Issue on Production

Incident Report for Kili

Postmortem

Post Mortem

Production issue 30/08/2021

Summary

On 30th August, we encountered a platform issue that prevented users from reaching the platform.

Incident Timing (UTC+2)

9 am to 3 pm

Incident Timeline (UTC+2)

30/08/2022

First alert or first ticket
- Internally at 9 am
First Announcement
- Status page incident creation at 9:01 am
Status page update time
- 11:19 am Investigation in progress: We are currently investigating this issue.
- 1:35 pm Situation under control: The issue has been identified and a fix is being implemented
- 2 pm Incident set to stable: A fix has been implemented and we are monitoring the results
- 6 pm Incident resolved: This incident has been resolved.

‌

Actions:
- 9:46am, 9:55am and 10am, the service has restored but for only few minutes
- from 10:36am to 10:56am, the service was slow but available
- 11:23am to 1:13pm, the service was getting better response time
- 1:13pm to 1:42pm, the service was slow or unresponsive
- 1:42pm, the service was get back to normal response time
- 2pm,the incident was set as fix implemented and monitoring

End-User Impact

All the website is slow or unreachable

Users cannot connect to the application

What caused the incident?

Quickly the issue was identified to come from the database, the number of locks ACCESS SHARE MODE were growing.

It appeared that some locks on the DB weren’t released, blocking a part of the other queries. Those locks triggered queries to be stacked, and so the backend was starting to slow down. The auto scaling has started to start some new containers but as the issue was on the DB, this was not helping.

The last update on production was 10 days ago, the issue was not coming from a new deployment or modification.

Doing a full rolling restart of containers allowed us to get back to a normal situation but after several minutes the issue was here again.

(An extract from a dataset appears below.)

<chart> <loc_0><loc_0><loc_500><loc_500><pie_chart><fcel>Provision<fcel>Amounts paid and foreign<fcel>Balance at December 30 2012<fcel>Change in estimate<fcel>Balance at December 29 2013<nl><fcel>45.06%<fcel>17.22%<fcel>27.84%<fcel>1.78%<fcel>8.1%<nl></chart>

The non-released locks were coming from transactions not closed. After several investigations we have found that the transactions weren’t closed due to network issues. The connections between the containers of one specific node were having trouble, the clients and the server were waiting for each other. This network instability started after a cluster GKE update and was getting worse day after day.

Draining the node to start the containers on a new node fixed the network issues.

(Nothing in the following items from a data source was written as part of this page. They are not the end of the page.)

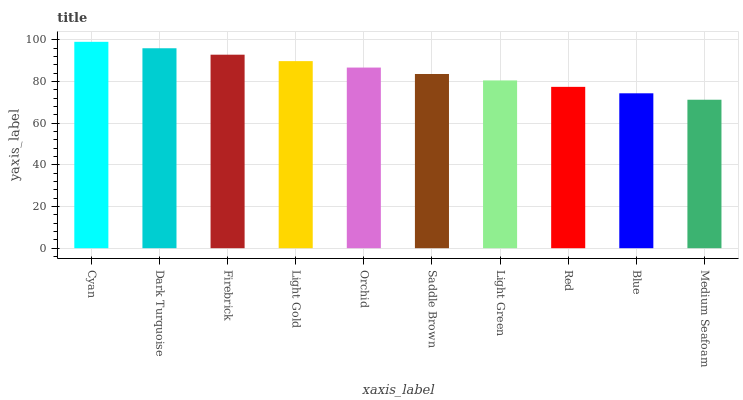Is Dark Turquoise the minimum?
Answer yes or no. No. Is Dark Turquoise the maximum?
Answer yes or no. No. Is Cyan greater than Dark Turquoise?
Answer yes or no. Yes. Is Dark Turquoise less than Cyan?
Answer yes or no. Yes. Is Dark Turquoise greater than Cyan?
Answer yes or no. No. Is Cyan less than Dark Turquoise?
Answer yes or no. No. Is Orchid the high median?
Answer yes or no. Yes. Is Saddle Brown the low median?
Answer yes or no. Yes. Is Saddle Brown the high median?
Answer yes or no. No. Is Medium Seafoam the low median?
Answer yes or no. No.

Corrective elements put in place to ensure that this does not happen again

Improve monitoring to detect sooner issue on unreleased lock
Improve vacuum monitoring on postgresql
Add a new alert on oldest transaction for each database

Posted Sep 02, 2022 - 10:56 UTC

Resolved

This incident has been resolved.

Posted Aug 31, 2022 - 07:44 UTC

Monitoring

A fix has been implemented and we are monitoring the results.

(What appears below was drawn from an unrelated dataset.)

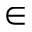<formula> <loc_0><loc_0><loc_500><loc_500>\in</formula> 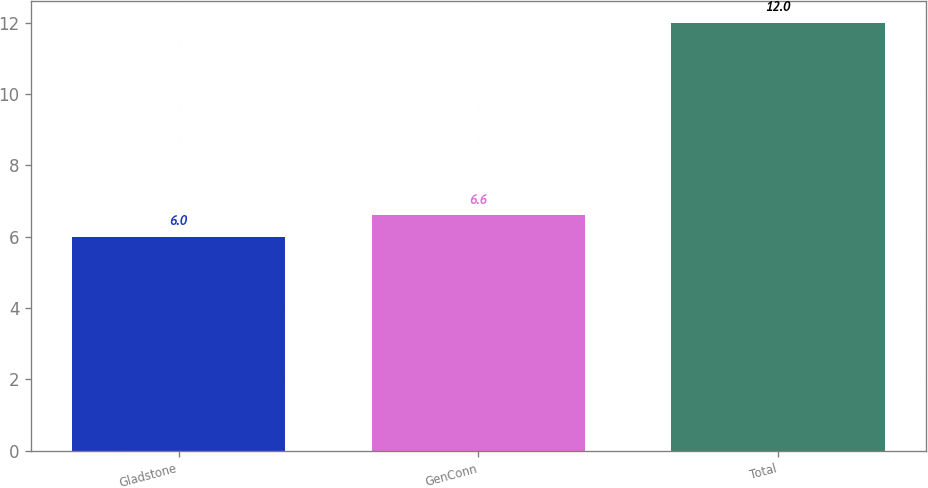Convert chart. <chart><loc_0><loc_0><loc_500><loc_500><bar_chart><fcel>Gladstone<fcel>GenConn<fcel>Total<nl><fcel>6<fcel>6.6<fcel>12<nl></chart>

Posted Aug 30, 2022 - 13:04 UTC

Update

We are continuing to work on a fix for this issue.

Posted Aug 30, 2022 - 11:38 UTC

Identified

The issue has been identified and a fix is being implemented.

Posted Aug 30, 2022 - 11:35 UTC

Update

We are continuing to investigate this issue.

Posted Aug 30, 2022 - 10:25 UTC

Investigating

We are currently investigating this issue.

Posted Aug 30, 2022 - 09:19 UTC

This incident affected: Europe (Europe - Kili API).